W.W. and the Dixie Dancekings (1975)


          One of the more offbeat titles in Burt Reynolds’ long litany of Southern-fried ’70s action/comedies, this charming-ish romp stars Reynolds as W.W. Bright, an amiable outlaw stealing and swindling his way through the Deep South in the 1950s. Through convoluted circumstances, he ends up enlisting a struggling country band called the Dixie Dancekings as accomplices in a series of nonviolent stick-ups. The musicians participate willingly because W.W. turns out to be a swell manager, using his gift of gab to trick promoters into giving the band better gigs and fatter paychecks.

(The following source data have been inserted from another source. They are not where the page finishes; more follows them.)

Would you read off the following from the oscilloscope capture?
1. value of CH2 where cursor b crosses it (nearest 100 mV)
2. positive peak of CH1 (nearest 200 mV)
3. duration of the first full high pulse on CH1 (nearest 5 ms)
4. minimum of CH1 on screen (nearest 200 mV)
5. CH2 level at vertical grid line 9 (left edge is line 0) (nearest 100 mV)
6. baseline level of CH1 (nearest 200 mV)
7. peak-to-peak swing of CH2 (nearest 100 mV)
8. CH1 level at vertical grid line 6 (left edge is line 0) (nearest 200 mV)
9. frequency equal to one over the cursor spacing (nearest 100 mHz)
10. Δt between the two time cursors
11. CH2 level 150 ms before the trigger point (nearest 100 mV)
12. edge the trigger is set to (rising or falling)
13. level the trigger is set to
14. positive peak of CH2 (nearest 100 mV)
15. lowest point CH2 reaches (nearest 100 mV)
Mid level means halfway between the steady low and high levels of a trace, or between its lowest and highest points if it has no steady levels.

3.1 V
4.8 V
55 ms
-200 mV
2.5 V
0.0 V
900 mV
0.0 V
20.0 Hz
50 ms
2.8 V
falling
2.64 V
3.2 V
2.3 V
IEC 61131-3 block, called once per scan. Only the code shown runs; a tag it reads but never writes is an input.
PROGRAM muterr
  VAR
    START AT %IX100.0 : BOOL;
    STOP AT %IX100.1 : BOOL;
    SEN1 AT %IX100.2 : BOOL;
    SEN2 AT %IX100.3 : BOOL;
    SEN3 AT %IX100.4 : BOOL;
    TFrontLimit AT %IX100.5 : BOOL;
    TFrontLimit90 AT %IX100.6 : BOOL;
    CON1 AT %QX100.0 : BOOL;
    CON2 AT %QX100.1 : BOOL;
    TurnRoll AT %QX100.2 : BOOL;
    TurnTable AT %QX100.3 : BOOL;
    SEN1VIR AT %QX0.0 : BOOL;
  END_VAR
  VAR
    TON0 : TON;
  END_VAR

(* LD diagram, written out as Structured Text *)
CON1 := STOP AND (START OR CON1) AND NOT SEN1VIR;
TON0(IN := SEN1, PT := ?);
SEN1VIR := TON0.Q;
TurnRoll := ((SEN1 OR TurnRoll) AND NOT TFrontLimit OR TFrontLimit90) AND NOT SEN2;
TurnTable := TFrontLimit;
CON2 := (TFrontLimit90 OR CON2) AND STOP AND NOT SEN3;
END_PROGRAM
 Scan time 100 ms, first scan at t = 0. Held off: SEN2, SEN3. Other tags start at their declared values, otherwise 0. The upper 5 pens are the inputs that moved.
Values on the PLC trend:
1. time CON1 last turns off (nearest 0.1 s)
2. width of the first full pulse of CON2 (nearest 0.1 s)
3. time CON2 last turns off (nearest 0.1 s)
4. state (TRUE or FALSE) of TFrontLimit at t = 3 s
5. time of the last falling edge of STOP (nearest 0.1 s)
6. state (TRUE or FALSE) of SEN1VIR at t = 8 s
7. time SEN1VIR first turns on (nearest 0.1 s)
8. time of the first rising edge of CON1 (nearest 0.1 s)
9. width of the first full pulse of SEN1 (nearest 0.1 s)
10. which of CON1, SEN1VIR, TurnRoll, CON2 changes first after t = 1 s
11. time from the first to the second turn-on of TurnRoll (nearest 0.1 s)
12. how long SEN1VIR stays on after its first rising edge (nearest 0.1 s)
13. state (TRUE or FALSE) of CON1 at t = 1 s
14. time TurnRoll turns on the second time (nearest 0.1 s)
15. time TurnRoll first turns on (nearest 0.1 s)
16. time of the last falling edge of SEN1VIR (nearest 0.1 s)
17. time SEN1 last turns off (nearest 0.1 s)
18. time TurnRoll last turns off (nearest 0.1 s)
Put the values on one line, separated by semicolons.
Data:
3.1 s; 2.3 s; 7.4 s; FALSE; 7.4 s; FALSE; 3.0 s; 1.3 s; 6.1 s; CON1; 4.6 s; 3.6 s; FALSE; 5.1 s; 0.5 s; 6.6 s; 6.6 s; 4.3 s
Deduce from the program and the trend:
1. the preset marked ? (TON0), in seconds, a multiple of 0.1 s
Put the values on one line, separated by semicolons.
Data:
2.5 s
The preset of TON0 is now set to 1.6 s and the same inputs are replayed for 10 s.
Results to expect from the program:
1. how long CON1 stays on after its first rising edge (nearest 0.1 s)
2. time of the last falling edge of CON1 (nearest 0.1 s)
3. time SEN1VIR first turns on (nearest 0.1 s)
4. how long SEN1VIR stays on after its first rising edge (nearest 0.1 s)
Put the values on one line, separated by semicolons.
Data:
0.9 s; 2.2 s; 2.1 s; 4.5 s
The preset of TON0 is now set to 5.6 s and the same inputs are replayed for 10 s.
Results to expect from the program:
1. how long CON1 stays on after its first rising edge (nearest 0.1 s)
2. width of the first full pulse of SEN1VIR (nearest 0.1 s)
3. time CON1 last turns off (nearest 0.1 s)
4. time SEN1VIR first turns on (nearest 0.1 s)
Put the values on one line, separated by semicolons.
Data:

          Among those pursuing the outlaws is a gun-toting religious nut named Deacon (Art Carney), whose presence lends an odd flavor to the movie’s requisite car chases. Carney goes way over the top with his performance, which seems like it belongs in a different movie than the one featuring easygoing Reynolds and his rhinestone-festooned buddies, and the film suffers because leading lady Conny Von Dyke lacks charisma.
          As directed by no-nonsense craftsman John G. Avildsen, the movie zips along at a strong pace, somewhat to its detriment; the picture is so thin on character development that audiences are expected to accept outlandish contrivances at face value. So, for instance, it’s a given that lead singer Dixie (Van Dyke) will fall for rascally W.W. simply because that’s what happens in movies, and it’s a given that Deacon is perpetually unable to capture W.W. simply because, well, that’s what happens in movies. The weak characterization makes everything that happens in the movie feel inconsequential, so even though several scenes are entertaining and the movie in general is quite watchable, nothing sticks in the memory very long after the last credit rolls.
          Still, for Reynolds fans, the picture offers plenty of cinematic comfort food, from the leading man’s wisecrackery to the presence of frequent Reynolds costars Ned Beatty, Jerry Reed, and Mel Tillis. Reed in particular stands out as the hot-tempered leader of the Dancekings, because his fights with W.W. for control over the band-cum-gang have more energy than other scenes; as the actors later demonstrated in projects like the blockbuster Smokey and the Bandit series, Reed and Reynolds have a smooth rhythm together.